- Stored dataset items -
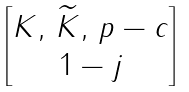<formula> <loc_0><loc_0><loc_500><loc_500>\begin{bmatrix} K , \, \widetilde { K } , \, p - c \\ 1 - j \end{bmatrix}</formula> 
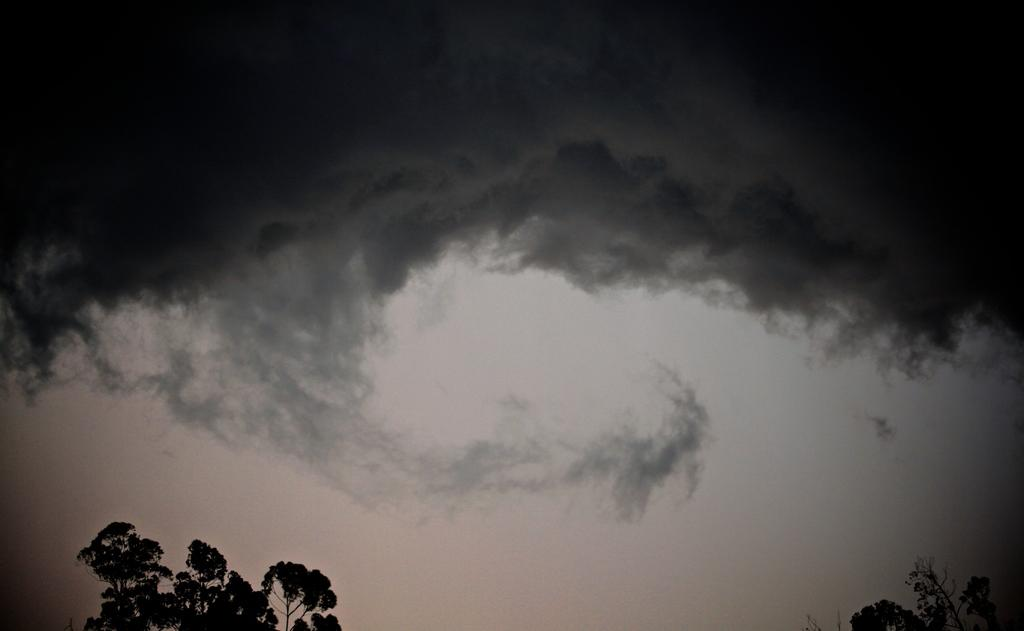What type of vegetation can be seen in the image? There are trees in the image. What is visible in the background of the image? The sky is visible in the background of the image. What can be observed in the sky? Clouds are present in the sky. What type of punishment is being handed out by the lawyer in the image? There is no lawyer or punishment present in the image; it features trees and clouds in the sky. What is the mind of the tree thinking in the image? Trees do not have minds, so it is not possible to determine what a tree might be thinking in the image. 
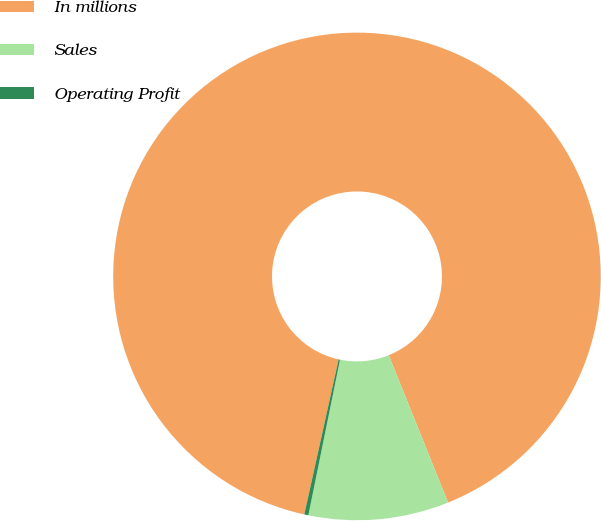Convert chart. <chart><loc_0><loc_0><loc_500><loc_500><pie_chart><fcel>In millions<fcel>Sales<fcel>Operating Profit<nl><fcel>90.44%<fcel>9.29%<fcel>0.27%<nl></chart> 
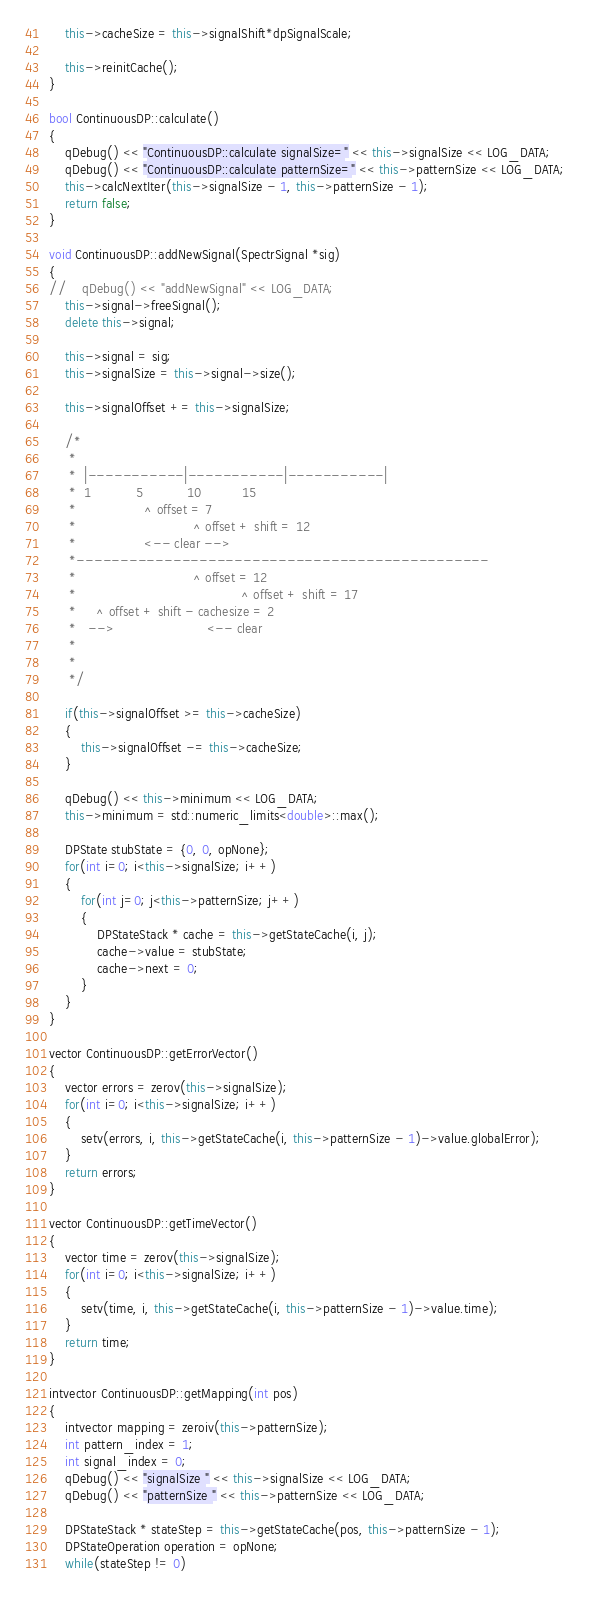Convert code to text. <code><loc_0><loc_0><loc_500><loc_500><_C++_>    this->cacheSize = this->signalShift*dpSignalScale;

    this->reinitCache();
}

bool ContinuousDP::calculate()
{
    qDebug() << "ContinuousDP::calculate signalSize=" << this->signalSize << LOG_DATA;
    qDebug() << "ContinuousDP::calculate patternSize=" << this->patternSize << LOG_DATA;
    this->calcNextIter(this->signalSize - 1, this->patternSize - 1);
    return false;
}

void ContinuousDP::addNewSignal(SpectrSignal *sig)
{
//    qDebug() << "addNewSignal" << LOG_DATA;
    this->signal->freeSignal();
    delete this->signal;

    this->signal = sig;
    this->signalSize = this->signal->size();

    this->signalOffset += this->signalSize;

    /*
     *
     *  |-----------|-----------|-----------|
     *  1           5           10          15
     *                 ^ offset = 7
     *                             ^ offset + shift = 12
     *                 <-- clear -->
     *-----------------------------------------------
     *                             ^ offset = 12
     *                                         ^ offset + shift = 17
     *     ^ offset + shift - cachesize = 2
     *   -->                       <-- clear
     *
     *
     */

    if(this->signalOffset >= this->cacheSize)
    {
        this->signalOffset -= this->cacheSize;
    }

    qDebug() << this->minimum << LOG_DATA;
    this->minimum = std::numeric_limits<double>::max();

    DPState stubState = {0, 0, opNone};
    for(int i=0; i<this->signalSize; i++)
    {
        for(int j=0; j<this->patternSize; j++)
        {
            DPStateStack * cache = this->getStateCache(i, j);
            cache->value = stubState;
            cache->next = 0;
        }
    }
}

vector ContinuousDP::getErrorVector()
{
    vector errors = zerov(this->signalSize);
    for(int i=0; i<this->signalSize; i++)
    {
        setv(errors, i, this->getStateCache(i, this->patternSize - 1)->value.globalError);
    }
    return errors;
}

vector ContinuousDP::getTimeVector()
{
    vector time = zerov(this->signalSize);
    for(int i=0; i<this->signalSize; i++)
    {
        setv(time, i, this->getStateCache(i, this->patternSize - 1)->value.time);
    }
    return time;
}

intvector ContinuousDP::getMapping(int pos)
{
    intvector mapping = zeroiv(this->patternSize);
    int pattern_index = 1;
    int signal_index = 0;
    qDebug() << "signalSize " << this->signalSize << LOG_DATA;
    qDebug() << "patternSize " << this->patternSize << LOG_DATA;

    DPStateStack * stateStep = this->getStateCache(pos, this->patternSize - 1);
    DPStateOperation operation = opNone;
    while(stateStep != 0)</code>

- What needs to be done -
What is wanted is a word-for-word restatement of the entries, without their images.

- Result -
<formula> <loc_0><loc_0><loc_500><loc_500>\begin{bmatrix} K , \, \widetilde { K } , \, p - c \\ 1 - j \end{bmatrix}</formula> 
What type of vegetation can be seen in the image? There are trees in the image. What is visible in the background of the image? The sky is visible in the background of the image. What can be observed in the sky? Clouds are present in the sky. What type of punishment is being handed out by the lawyer in the image? There is no lawyer or punishment present in the image; it features trees and clouds in the sky. What is the mind of the tree thinking in the image? Trees do not have minds, so it is not possible to determine what a tree might be thinking in the image. 
Convert chart. <chart><loc_0><loc_0><loc_500><loc_500><pie_chart><fcel>In millions<fcel>Sales<fcel>Operating Profit<nl><fcel>90.44%<fcel>9.29%<fcel>0.27%<nl></chart> 
Convert code to text. <code><loc_0><loc_0><loc_500><loc_500><_C++_>    this->cacheSize = this->signalShift*dpSignalScale;

    this->reinitCache();
}

bool ContinuousDP::calculate()
{
    qDebug() << "ContinuousDP::calculate signalSize=" << this->signalSize << LOG_DATA;
    qDebug() << "ContinuousDP::calculate patternSize=" << this->patternSize << LOG_DATA;
    this->calcNextIter(this->signalSize - 1, this->patternSize - 1);
    return false;
}

void ContinuousDP::addNewSignal(SpectrSignal *sig)
{
//    qDebug() << "addNewSignal" << LOG_DATA;
    this->signal->freeSignal();
    delete this->signal;

    this->signal = sig;
    this->signalSize = this->signal->size();

    this->signalOffset += this->signalSize;

    /*
     *
     *  |-----------|-----------|-----------|
     *  1           5           10          15
     *                 ^ offset = 7
     *                             ^ offset + shift = 12
     *                 <-- clear -->
     *-----------------------------------------------
     *                             ^ offset = 12
     *                                         ^ offset + shift = 17
     *     ^ offset + shift - cachesize = 2
     *   -->                       <-- clear
     *
     *
     */

    if(this->signalOffset >= this->cacheSize)
    {
        this->signalOffset -= this->cacheSize;
    }

    qDebug() << this->minimum << LOG_DATA;
    this->minimum = std::numeric_limits<double>::max();

    DPState stubState = {0, 0, opNone};
    for(int i=0; i<this->signalSize; i++)
    {
        for(int j=0; j<this->patternSize; j++)
        {
            DPStateStack * cache = this->getStateCache(i, j);
            cache->value = stubState;
            cache->next = 0;
        }
    }
}

vector ContinuousDP::getErrorVector()
{
    vector errors = zerov(this->signalSize);
    for(int i=0; i<this->signalSize; i++)
    {
        setv(errors, i, this->getStateCache(i, this->patternSize - 1)->value.globalError);
    }
    return errors;
}

vector ContinuousDP::getTimeVector()
{
    vector time = zerov(this->signalSize);
    for(int i=0; i<this->signalSize; i++)
    {
        setv(time, i, this->getStateCache(i, this->patternSize - 1)->value.time);
    }
    return time;
}

intvector ContinuousDP::getMapping(int pos)
{
    intvector mapping = zeroiv(this->patternSize);
    int pattern_index = 1;
    int signal_index = 0;
    qDebug() << "signalSize " << this->signalSize << LOG_DATA;
    qDebug() << "patternSize " << this->patternSize << LOG_DATA;

    DPStateStack * stateStep = this->getStateCache(pos, this->patternSize - 1);
    DPStateOperation operation = opNone;
    while(stateStep != 0)</code>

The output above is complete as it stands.